Pero no lo creía; de hecho, estaba convencido de que no se trataba de un accidente.
Entró en el garaje, dio marcha atrás a su vehículo de superficie y lo maniobró hasta que el maletero quedó frente a la puerta trasera de la casa. Solo tardó un momento en meter dentro a la mellada y maltrecha Niñera. Llegó en diez minutos al departamento de mantenimiento y reparaciones de la Compañía de Servicios Industriales.
El empleado, vestido con un mono blanco manchado de grasa, le recibió en la entrada.
—¿Problemas? —preguntó con desgana; detrás del empleado, en las profundidades del edificio que abarcaba una manzana, se veían filas de Niñeras, en distintas fases de montaje—. ¿Dónde está el fallo esta vez?
Tom no dijo nada.
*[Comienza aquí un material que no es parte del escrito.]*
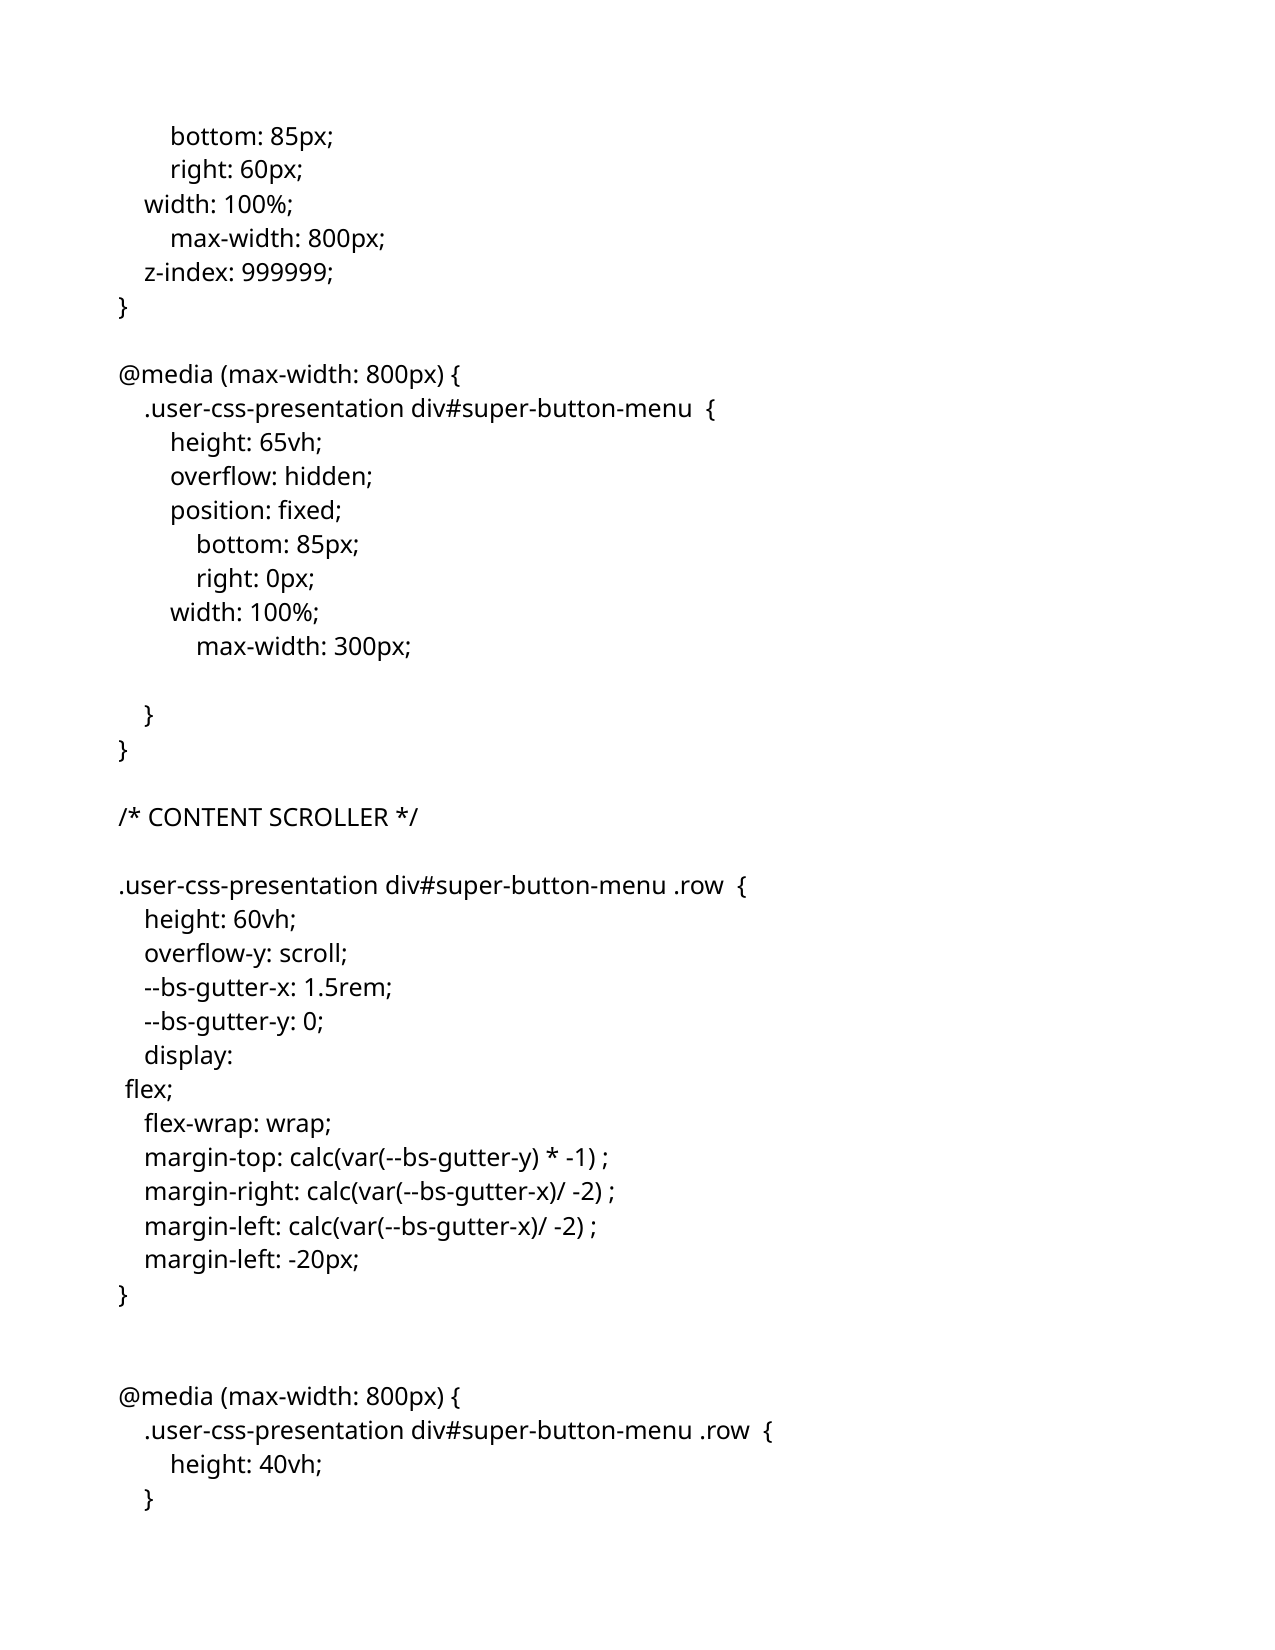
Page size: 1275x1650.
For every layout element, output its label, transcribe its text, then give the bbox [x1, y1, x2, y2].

text bottom: 85px; right: 60px; width: 100%; max-width: 800px; z-index: 999999; } @media (max-width: 800px) { .user-css-presentation div#super-button-menu { height: 65vh; overflow: hidden; position: fixed; bottom: 85px; right: 0px; width: 100%; max-width: 300px; } } /* CONTENT SCROLLER */ .user-css-presentation div#super-button-menu .row { height: 60vh; overflow-y: scroll; --bs-gutter-x: 1.5rem; --bs-gutter-y: 0; display: [118, 118, 1157, 1072]
text flex; flex-wrap: wrap; margin-top: calc(var(--bs-gutter-y) * -1) ; margin-right: calc(var(--bs-gutter-x)/ -2) ; margin-left: calc(var(--bs-gutter-x)/ -2) ; margin-left: -20px; } @media (max-width: 800px) { .user-css-presentation div#super-button-menu .row { height: 40vh; } [118, 1072, 1157, 1515]
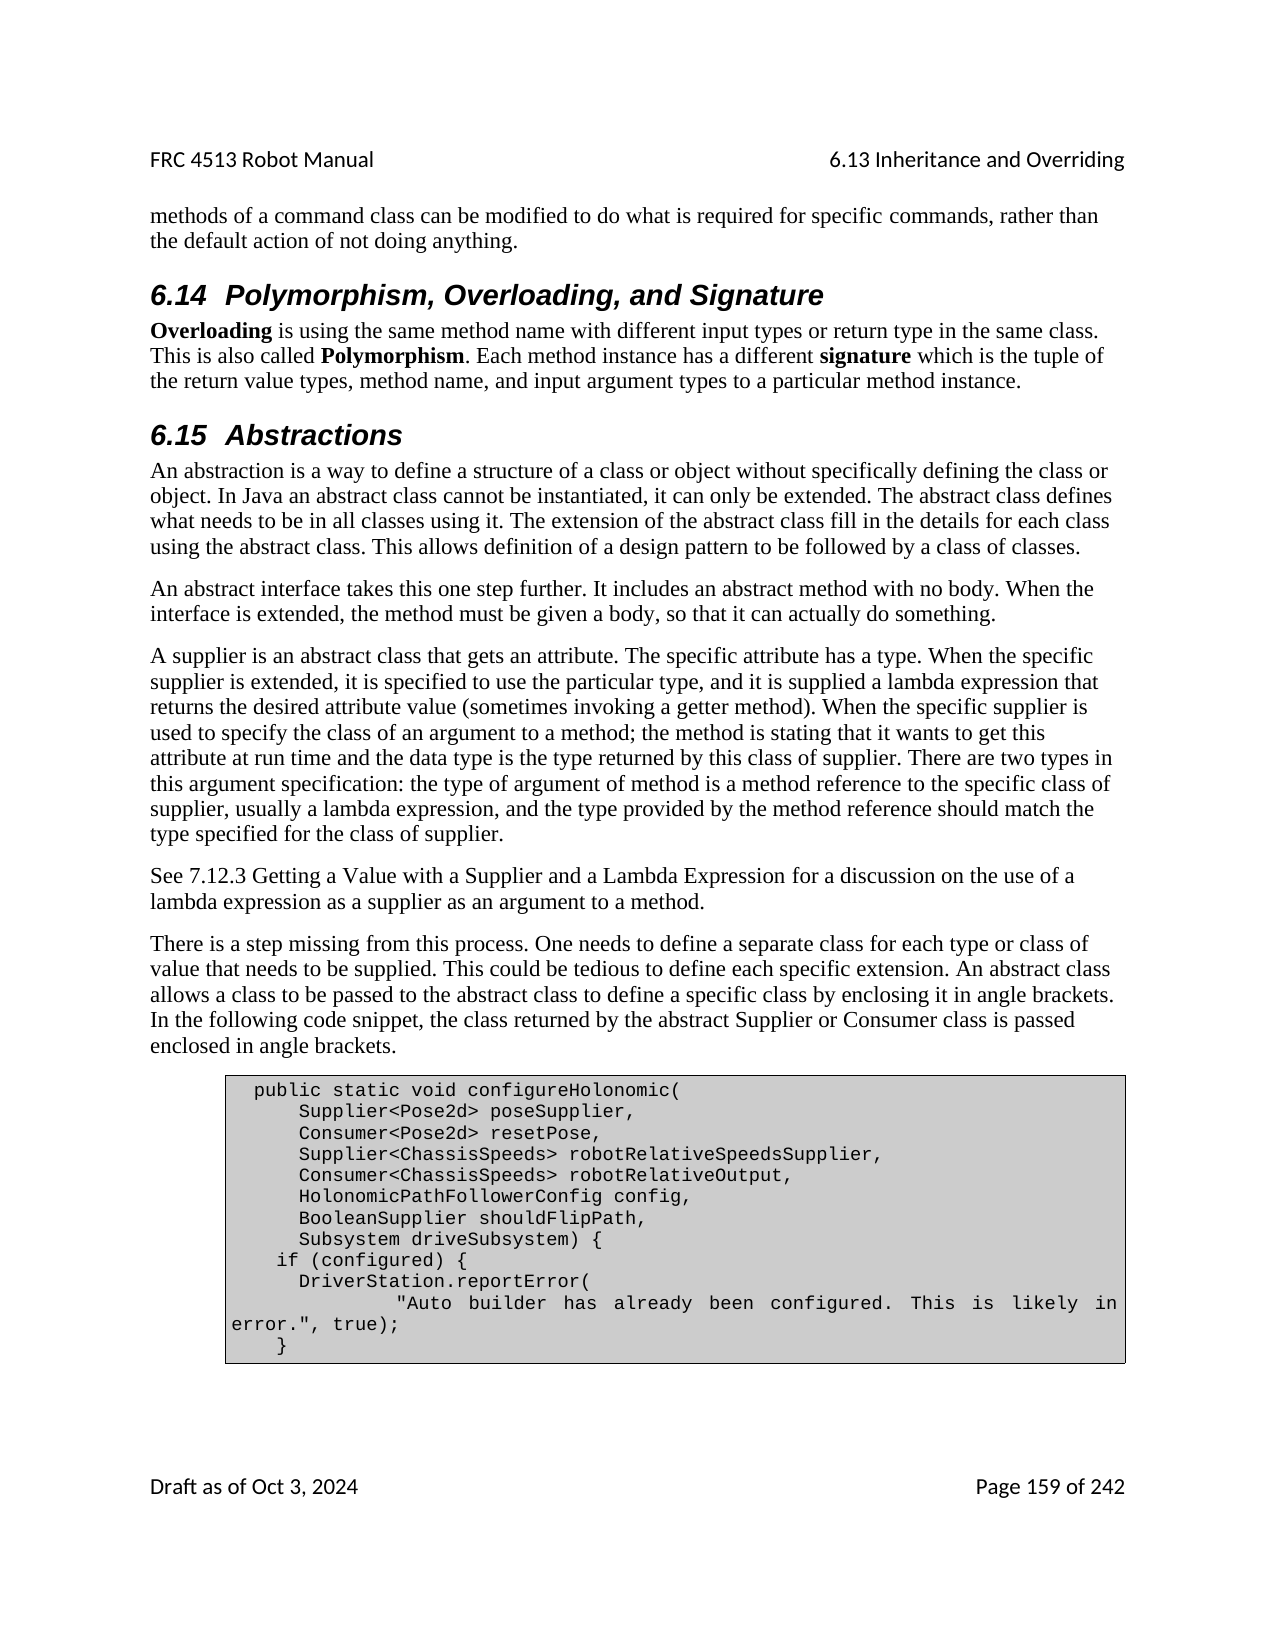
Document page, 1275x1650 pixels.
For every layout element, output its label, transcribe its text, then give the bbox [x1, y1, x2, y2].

Ordenó a la Niñera que saliera del vehículo y esperó a que el empleado la examinara.
El mecánico meneó la cabeza, se puso en pie y se secó la grasa de las manos.
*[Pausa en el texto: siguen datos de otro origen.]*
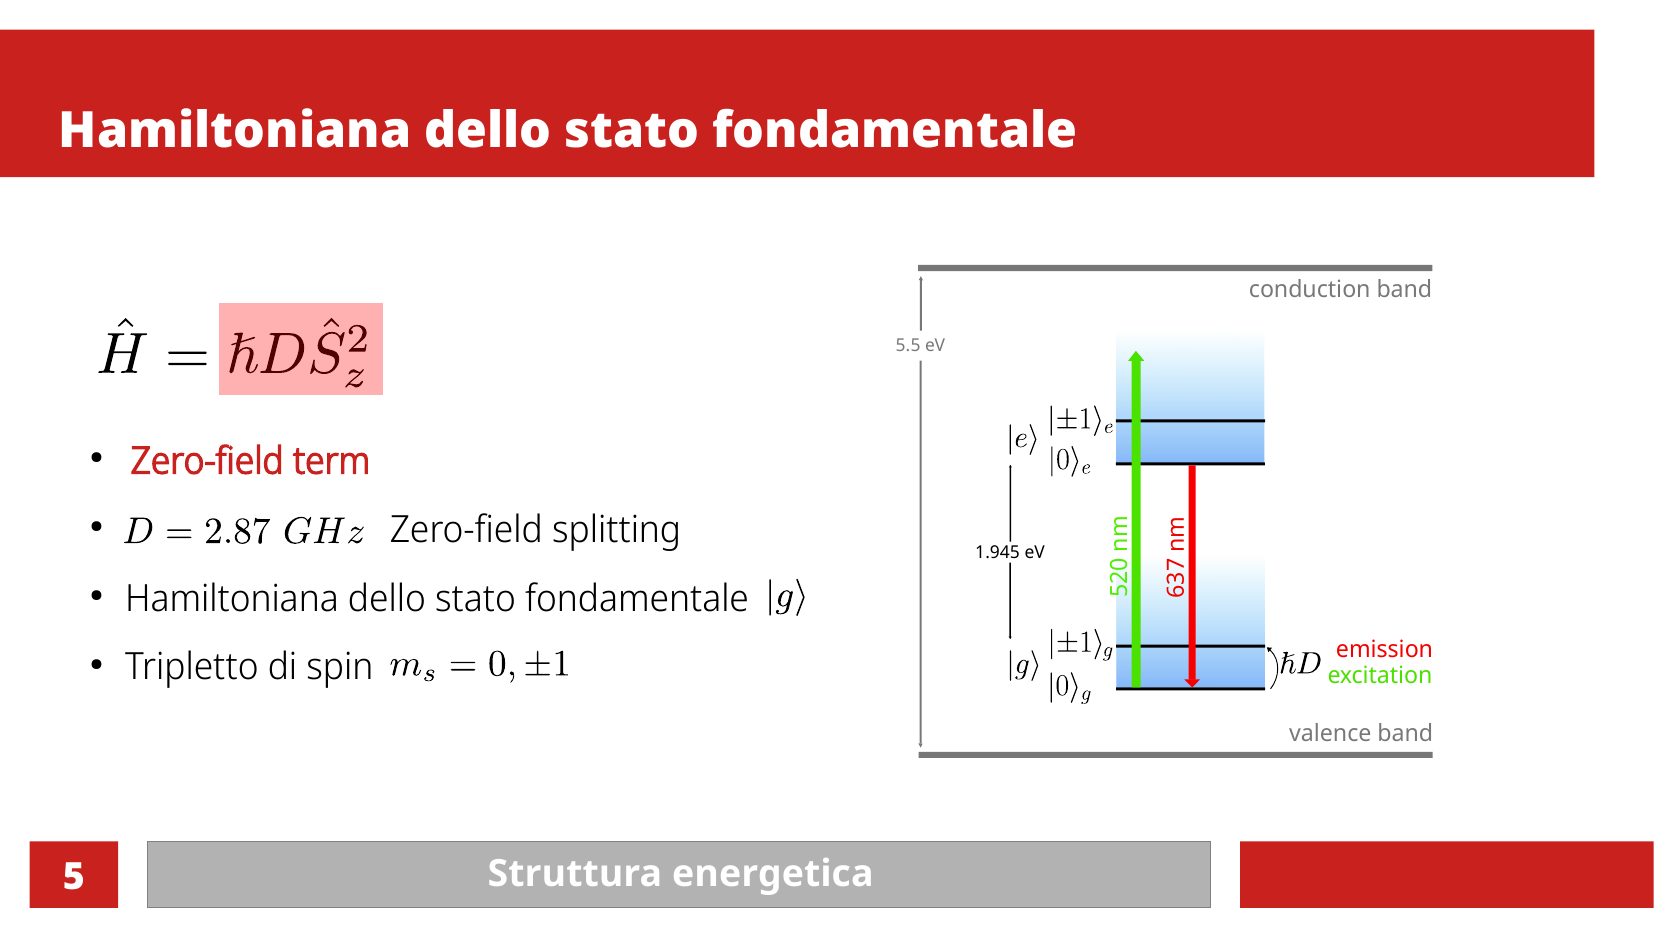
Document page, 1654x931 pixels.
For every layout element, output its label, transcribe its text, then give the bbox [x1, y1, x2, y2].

title Hamiltoniana dello stato fondamentale [59, 44, 1595, 163]
picture [825, 162, 1526, 863]
text_box [1280, 651, 1321, 674]
text_box [123, 516, 364, 544]
text_box [390, 650, 568, 683]
text_box Struttura energetica [155, 838, 1206, 905]
text_box [98, 303, 383, 395]
text_box Zero-field term Zero-field splitting Hamiltoniana dello stato fondamentale Tripletto di spin [75, 426, 825, 699]
text_box [766, 578, 805, 616]

—Le va a costar un montón de pasta. La transmisión neural está rota.
—¿Ha visto algo parecido antes? —preguntó Tom con la garganta seca—. Usted ya sabe que no se ha roto; fue destrozada.
—Desde luego —asintió en tono neutro el mecánico—. Se emplearon a fondo. A juzgar por los pedazos arrancados —señaló las melladas secciones delanteras del casco—, creo que fue obra de uno de los nuevos modelos Mecho de mandíbula saliente.
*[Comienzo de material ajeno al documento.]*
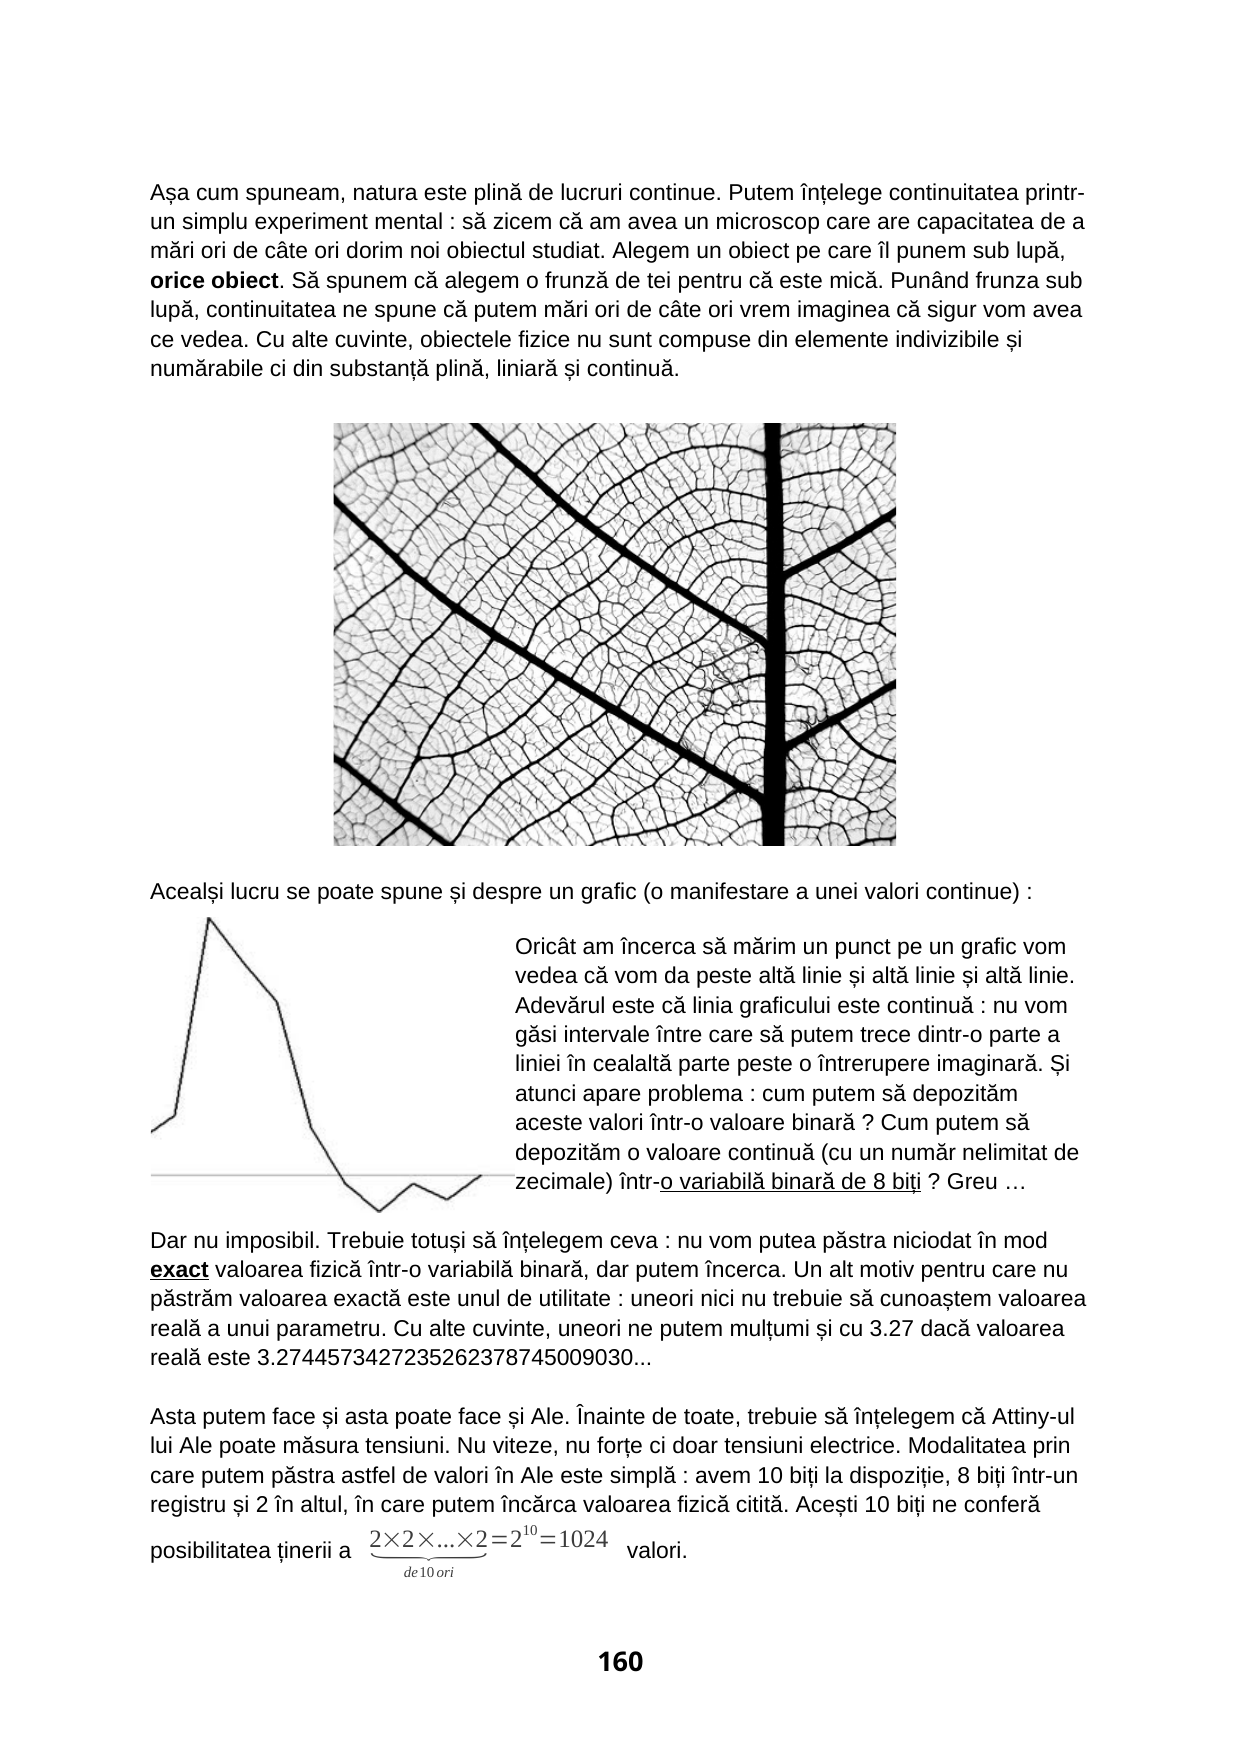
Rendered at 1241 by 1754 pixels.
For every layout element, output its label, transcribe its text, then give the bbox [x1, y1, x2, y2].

picture [150, 917, 515, 1213]
text Oricât am încerca să mărim un punct pe un grafic vom vedea că vom da peste altă linie și altă linie și altă linie. Adevărul este că linia graficului este continuă : nu vom găsi intervale între care să putem trece dintr-o parte a liniei în cealaltă parte peste o întrerupere imaginară. Și atunci apare problema : cum putem să depozităm aceste valori într-o valoare binară ? Cum putem să depozităm o valoare continuă (cu un număr nelimitat de zecimale) într-o variabilă binară de 8 biți ? Greu … [515, 933, 1091, 1194]
text Asta putem face și asta poate face și Ale. Înainte de toate, trebuie să înțelegem că Attiny-ul lui Ale poate măsura tensiuni. Nu viteze, nu forțe ci doar tensiuni electrice. Modalitatea prin care putem păstra astfel de valori în Ale este simplă : avem 10 biți la dispoziție, 8 biți într-un registru și 2 în altul, în care putem încărca valoarea fizică citită. Acești 10 biți ne conferă posibilitatea ținerii avalori. [150, 1403, 1091, 1580]
text Așa cum spuneam, natura este plină de lucruri continue. Putem înțelege continuitatea printr-un simplu experiment mental : să zicem că am avea un microscop care are capacitatea de a mări ori de câte ori dorim noi obiectul studiat. Alegem un obiect pe care îl punem sub lupă, orice obiect. Să spunem că alegem o frunză de tei pentru că este mică. Punând frunza sub lupă, continuitatea ne spune că putem mări ori de câte ori vrem imaginea că sigur vom avea ce vedea. Cu alte cuvinte, obiectele fizice nu sunt compuse din elemente indivizibile și numărabile ci din substanță plină, liniară și continuă. [150, 179, 1091, 381]
text Dar nu imposibil. Trebuie totuși să înțelegem ceva : nu vom putea păstra niciodat în mod exact valoarea fizică într-o variabilă binară, dar putem încerca. Un alt motiv pentru care nu păstrăm valoarea exactă este unul de utilitate : uneori nici nu trebuie să cunoaștem valoarea reală a unui parametru. Cu alte cuvinte, uneori ne putem mulțumi și cu 3.27 dacă valoarea reală este 3.2744573427235262378745009030... [150, 1227, 1091, 1370]
picture [333, 423, 897, 846]
text Acealși lucru se poate spune și despre un grafic (o manifestare a unei valori continue) : [150, 878, 1091, 904]

La sangre de Tom Fields se heló en sus venas.
—O sea, que no le pilla de sorpresa —dijo suavemente, casi conteniendo la respiración—. Ocurre a menudo.
—Bueno, Mecho acaba de lanzar al mercado ese modelo. No está nada mal… Cuesta el doble que este. Claro que —añadió con aire pensativo— tenemos un equivalente, igual de bueno y por menos dinero.
—Quiero que me arreglen este —dijo Tom con la mayor serenidad posible—. No pienso comprar otro.
—Haré lo que pueda, pero no volverá a ser como antes. La avería es muy grave. Le recomiendo que lo entregue como entrada del nuevo, recuperará casi todo lo que pagó. Cuando lancemos los nuevos modelos, dentro de un mes o así, los vendedores irán como locos para…
—Aclaremos esto. —Tom Fields encendió un cigarrillo con manos trémulas—. Ustedes no quieren reparar estos modelos, ¿verdad? Quieren vender los nuevos en cuanto estos se estropeen… —Se fijó en el mecánico—. Se estropeen, o los estropeen.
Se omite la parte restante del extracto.